- _Given data_
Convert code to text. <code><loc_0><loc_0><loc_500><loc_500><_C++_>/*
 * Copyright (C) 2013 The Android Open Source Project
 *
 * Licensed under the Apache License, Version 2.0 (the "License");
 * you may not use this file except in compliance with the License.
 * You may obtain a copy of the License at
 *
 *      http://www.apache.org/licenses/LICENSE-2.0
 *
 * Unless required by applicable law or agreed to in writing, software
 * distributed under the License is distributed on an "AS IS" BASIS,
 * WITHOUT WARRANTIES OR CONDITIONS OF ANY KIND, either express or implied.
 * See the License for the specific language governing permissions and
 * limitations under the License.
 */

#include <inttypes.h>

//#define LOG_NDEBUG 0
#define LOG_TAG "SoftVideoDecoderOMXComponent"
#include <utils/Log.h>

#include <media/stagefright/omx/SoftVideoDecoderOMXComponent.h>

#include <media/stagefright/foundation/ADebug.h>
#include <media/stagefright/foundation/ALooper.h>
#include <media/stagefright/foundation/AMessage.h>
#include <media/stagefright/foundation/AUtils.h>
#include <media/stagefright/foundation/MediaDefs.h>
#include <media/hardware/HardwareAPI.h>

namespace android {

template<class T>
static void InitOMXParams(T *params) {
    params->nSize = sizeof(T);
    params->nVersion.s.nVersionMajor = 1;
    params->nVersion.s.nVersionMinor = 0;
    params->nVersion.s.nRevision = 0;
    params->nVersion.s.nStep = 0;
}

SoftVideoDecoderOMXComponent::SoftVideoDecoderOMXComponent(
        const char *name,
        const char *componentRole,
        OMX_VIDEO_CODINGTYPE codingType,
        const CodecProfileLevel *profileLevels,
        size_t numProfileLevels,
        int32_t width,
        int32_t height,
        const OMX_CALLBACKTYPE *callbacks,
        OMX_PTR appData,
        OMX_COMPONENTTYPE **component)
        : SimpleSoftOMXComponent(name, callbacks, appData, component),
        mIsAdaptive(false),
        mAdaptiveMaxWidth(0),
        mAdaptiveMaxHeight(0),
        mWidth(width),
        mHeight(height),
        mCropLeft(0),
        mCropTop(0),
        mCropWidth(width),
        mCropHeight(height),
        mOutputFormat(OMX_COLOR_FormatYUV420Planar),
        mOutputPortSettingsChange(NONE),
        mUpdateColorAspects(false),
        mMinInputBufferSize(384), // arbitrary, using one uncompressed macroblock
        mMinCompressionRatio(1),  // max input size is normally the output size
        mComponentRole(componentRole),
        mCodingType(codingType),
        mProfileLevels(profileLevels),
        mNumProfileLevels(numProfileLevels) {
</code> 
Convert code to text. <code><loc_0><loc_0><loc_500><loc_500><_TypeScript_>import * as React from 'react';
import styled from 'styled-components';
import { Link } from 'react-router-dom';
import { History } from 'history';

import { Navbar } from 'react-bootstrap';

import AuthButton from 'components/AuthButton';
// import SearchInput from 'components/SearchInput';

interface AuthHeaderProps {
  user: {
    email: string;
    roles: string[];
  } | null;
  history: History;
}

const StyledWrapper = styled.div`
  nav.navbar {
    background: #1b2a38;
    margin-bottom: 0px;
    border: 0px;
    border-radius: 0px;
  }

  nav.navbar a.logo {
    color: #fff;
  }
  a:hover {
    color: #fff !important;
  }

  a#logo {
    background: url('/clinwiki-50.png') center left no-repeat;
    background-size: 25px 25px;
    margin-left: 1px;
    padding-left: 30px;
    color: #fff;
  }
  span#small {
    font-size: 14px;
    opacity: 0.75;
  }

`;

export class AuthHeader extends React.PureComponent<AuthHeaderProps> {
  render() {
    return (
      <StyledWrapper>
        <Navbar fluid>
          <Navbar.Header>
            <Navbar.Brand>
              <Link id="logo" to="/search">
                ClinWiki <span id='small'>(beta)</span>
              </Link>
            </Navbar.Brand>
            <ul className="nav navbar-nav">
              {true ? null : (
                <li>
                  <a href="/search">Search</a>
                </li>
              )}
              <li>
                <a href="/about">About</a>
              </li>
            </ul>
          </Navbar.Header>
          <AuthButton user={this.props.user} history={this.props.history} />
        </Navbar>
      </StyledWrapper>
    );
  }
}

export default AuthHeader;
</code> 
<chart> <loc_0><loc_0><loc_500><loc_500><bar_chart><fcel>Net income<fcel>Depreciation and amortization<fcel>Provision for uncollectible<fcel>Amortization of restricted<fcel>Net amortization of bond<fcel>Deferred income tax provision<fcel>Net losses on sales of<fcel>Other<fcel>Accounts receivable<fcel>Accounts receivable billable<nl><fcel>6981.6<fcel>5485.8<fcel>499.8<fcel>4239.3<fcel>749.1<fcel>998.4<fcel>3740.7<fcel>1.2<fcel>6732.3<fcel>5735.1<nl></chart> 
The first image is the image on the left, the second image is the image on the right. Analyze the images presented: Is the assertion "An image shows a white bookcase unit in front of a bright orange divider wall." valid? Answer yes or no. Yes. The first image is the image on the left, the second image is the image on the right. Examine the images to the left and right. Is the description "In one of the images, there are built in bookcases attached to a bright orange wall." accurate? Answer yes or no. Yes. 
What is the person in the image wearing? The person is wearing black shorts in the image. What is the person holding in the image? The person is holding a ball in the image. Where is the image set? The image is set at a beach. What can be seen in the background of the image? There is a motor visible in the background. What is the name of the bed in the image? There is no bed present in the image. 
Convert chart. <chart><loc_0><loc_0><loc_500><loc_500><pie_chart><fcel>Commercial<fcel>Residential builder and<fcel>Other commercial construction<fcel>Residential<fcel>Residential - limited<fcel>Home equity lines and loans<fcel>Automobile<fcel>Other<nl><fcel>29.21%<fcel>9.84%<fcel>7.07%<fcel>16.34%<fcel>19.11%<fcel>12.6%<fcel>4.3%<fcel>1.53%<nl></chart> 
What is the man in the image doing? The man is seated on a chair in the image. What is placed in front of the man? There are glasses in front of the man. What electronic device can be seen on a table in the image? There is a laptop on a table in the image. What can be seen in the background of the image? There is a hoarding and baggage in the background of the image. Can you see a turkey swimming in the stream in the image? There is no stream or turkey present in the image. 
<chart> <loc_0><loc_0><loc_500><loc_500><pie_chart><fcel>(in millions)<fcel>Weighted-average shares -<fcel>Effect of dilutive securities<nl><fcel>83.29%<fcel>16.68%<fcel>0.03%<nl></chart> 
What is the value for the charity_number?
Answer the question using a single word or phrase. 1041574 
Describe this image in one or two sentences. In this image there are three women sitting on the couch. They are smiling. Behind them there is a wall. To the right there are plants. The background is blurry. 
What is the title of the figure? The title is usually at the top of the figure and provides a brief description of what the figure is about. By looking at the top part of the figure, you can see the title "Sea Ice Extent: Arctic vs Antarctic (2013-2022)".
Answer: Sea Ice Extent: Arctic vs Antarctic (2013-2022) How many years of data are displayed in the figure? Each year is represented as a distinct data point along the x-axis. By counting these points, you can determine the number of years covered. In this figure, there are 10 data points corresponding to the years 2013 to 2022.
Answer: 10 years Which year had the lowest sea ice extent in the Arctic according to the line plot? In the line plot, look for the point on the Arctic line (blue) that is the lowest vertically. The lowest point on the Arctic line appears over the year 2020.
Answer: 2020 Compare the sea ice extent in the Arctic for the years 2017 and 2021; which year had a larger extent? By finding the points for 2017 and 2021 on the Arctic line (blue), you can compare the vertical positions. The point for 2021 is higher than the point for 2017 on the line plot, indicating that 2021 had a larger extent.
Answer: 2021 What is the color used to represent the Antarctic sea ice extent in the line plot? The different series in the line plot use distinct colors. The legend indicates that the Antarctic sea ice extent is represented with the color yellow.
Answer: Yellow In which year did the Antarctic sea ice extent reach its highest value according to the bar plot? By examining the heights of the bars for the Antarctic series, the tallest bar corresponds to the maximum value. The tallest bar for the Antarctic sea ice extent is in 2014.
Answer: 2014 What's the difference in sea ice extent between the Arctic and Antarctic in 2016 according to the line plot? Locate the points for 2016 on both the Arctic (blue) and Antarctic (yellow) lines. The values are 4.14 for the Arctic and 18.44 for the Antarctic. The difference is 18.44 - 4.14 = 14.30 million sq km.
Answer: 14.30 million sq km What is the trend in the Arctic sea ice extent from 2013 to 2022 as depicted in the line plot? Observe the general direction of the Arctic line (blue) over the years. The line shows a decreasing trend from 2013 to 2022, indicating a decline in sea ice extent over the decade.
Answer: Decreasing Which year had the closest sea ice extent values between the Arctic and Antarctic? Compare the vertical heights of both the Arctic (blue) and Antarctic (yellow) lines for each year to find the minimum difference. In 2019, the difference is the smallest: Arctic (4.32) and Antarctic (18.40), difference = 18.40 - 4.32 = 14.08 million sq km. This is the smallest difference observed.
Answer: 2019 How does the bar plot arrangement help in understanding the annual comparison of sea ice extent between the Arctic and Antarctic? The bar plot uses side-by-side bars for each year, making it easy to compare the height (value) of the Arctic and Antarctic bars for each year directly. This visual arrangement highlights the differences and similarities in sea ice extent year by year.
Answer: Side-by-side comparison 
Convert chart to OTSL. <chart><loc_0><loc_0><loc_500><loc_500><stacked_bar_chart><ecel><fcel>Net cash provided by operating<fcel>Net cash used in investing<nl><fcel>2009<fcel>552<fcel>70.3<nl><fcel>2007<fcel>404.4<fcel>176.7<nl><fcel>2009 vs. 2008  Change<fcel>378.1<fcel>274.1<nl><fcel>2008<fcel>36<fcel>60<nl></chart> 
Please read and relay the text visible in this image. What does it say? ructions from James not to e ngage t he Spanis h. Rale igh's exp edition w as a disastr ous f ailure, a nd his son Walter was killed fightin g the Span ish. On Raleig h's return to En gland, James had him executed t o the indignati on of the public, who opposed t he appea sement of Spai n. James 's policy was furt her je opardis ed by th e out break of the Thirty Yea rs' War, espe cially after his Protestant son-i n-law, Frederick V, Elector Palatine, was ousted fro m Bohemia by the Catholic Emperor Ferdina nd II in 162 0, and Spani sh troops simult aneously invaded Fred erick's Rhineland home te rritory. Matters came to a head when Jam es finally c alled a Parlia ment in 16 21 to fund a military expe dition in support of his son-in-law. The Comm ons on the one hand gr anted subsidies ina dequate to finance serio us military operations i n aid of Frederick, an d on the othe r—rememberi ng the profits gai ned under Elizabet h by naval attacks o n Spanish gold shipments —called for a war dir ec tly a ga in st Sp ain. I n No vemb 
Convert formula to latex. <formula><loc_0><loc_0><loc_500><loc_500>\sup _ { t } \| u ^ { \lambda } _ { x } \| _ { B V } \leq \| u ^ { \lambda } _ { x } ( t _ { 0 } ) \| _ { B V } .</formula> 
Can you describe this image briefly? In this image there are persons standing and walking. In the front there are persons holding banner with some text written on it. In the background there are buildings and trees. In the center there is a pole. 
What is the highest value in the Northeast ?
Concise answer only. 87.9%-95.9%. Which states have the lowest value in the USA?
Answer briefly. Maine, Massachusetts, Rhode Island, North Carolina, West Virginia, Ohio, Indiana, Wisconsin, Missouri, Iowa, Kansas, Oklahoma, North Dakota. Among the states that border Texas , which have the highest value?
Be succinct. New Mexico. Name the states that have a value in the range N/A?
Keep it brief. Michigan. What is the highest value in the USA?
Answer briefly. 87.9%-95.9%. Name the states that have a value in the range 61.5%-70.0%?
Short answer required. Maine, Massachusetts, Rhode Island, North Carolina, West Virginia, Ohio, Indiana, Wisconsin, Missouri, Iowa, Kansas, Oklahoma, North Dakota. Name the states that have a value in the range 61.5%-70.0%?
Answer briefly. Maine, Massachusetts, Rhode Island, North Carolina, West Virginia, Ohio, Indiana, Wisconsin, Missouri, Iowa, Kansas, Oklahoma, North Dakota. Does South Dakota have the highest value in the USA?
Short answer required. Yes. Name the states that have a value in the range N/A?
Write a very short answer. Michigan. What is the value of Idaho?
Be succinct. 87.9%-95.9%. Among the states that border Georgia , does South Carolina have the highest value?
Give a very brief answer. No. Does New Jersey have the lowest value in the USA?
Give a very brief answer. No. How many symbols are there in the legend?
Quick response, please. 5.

- _Assignment_
Each line holding the word "according" must be pulled from the records.

- _Exercise answer_
Answer: 10 years Which year had the lowest sea ice extent in the Arctic according to the line plot? In the line plot, look for the point on the Arctic line (blue) that is the lowest vertically. The lowest point on the Arctic line appears over the year 2020.
Answer: Yellow In which year did the Antarctic sea ice extent reach its highest value according to the bar plot? By examining the heights of the bars for the Antarctic series, the tallest bar corresponds to the maximum value. The tallest bar for the Antarctic sea ice extent is in 2014.
Answer: 2014 What's the difference in sea ice extent between the Arctic and Antarctic in 2016 according to the line plot? Locate the points for 2016 on both the Arctic (blue) and Antarctic (yellow) lines. The values are 4.14 for the Arctic and 18.44 for the Antarctic. The difference is 18.44 - 4.14 = 14.30 million sq km.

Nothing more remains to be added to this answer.